— Верещагин, я, кажется, передавал вам приказ явиться ко мне сразу по возвращении.
— Сэр?…
— Сейчас вы скажете, что не просматривали почту…
— Так точно, сэр!
— Я так и думал почему-то. А теперь вы мне объясните, что здесь происходило.
— Что именно, ваше высокоблагородие?
— Вот этот… брифинг. Что вы тут обсуждали?
— Результаты разведки, господин полковник. Если вам будет угодно, я могу продемонстрировать все слайды с самого начала и объяснить…
— Tell the sailors about it[1], Верещагин! Трех четвертей вашей постоянной команды здесь нет, вы их даже не позвали. Но зачем-то позвали Козырева и Новака, которые сроду никуда не ездили, а по скалам лазают только во время марш-бросков.
— Ваше высокоблагородие, при всем моем уважении к вам, я не могу беседовать в таком тоне. Скажите, в чем, собственно, вы меня обвиняете, и тогда я смогу либо защищаться, либо признать свою вину. Мы пока еще в армии Юга России, а не в…
— Вот именно, капитан! — Полковник сел на стол. — Вот именно! Воссоединение начнется со дня на день, а тут самый… политически неблагонадежный из моих офицеров — находясь, между прочим, в отпуске! — шляется по территории полка и проводит тайные конференции за черными шторами. Чему вы улыбаетесь, черт вас подрал?
— Полицейская терминология вам не дается, господин полковник. При слове «неблагонадежный» вас так перекосило, будто вы надкусили лимон.
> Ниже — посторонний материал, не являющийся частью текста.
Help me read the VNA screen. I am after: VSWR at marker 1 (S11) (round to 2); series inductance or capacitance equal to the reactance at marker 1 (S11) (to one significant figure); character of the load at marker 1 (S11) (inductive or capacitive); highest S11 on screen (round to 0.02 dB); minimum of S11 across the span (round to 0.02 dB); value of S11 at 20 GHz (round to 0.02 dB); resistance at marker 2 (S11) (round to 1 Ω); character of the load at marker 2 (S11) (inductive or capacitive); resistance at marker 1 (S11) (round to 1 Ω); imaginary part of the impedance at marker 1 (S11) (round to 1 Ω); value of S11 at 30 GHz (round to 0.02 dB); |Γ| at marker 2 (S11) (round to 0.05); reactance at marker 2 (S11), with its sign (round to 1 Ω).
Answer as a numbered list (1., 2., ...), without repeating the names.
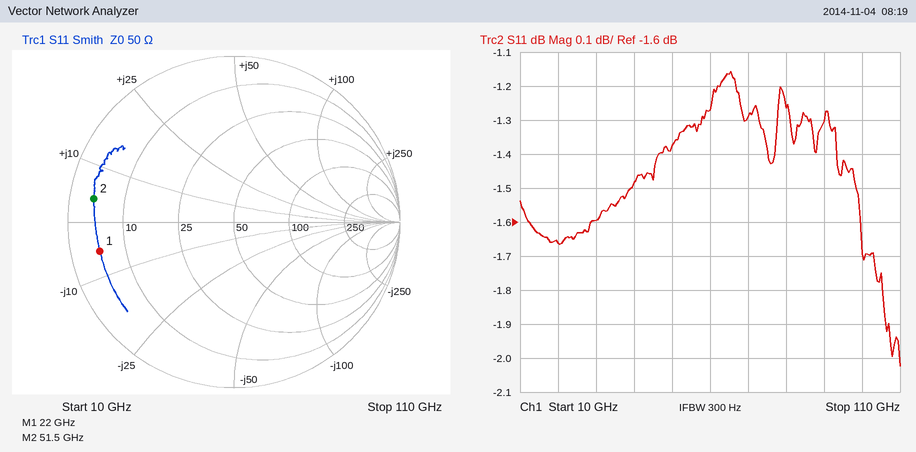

— Вас еще не так перекосит, когда я вами займусь! — пригрозил полковник. — Я еще помню, что вы говорили журналистам после К-2. Вам, похоже, нужно постоянно напоминать, что армия создана не для того, чтобы вы совершенствовали свое альпинистское мастерство и, красуясь перед телекамерами, делали провокационные заявления.
— Сэр, я помню, для чего существует армия.
— И для чего же?
— В Уставе сказано, что мы должны отражать вооруженные нападения на Крым или предотвращать их, сэр. Устав не регламентирует эмоций военнослужащего, бессильного отразить такое нападение или предотвратить его. Я волен чувствовать по поводу Идеи Общей Судьбы все, что угодно. Я волен говорить, что я чувствую, коль скоро меня об этом спрашивают.
— А если вам сейчас же придется отсюда отправиться на гауптвахту, как вы на это посмотрите?
— Я в отпуске, сэр. И воинских преступлений не совершал…
— Ну так и догуливайте свои отпуск! Оденьтесь в цивильное, катитесь на свою квартиру и не показывайте здесь носа, пока отпуск не кончится.
Полковник вздохнул и как-то странно осел на столе, как будто из него вытащили невидимый стержень. Все его пятьдесят семь лет проступили на лице.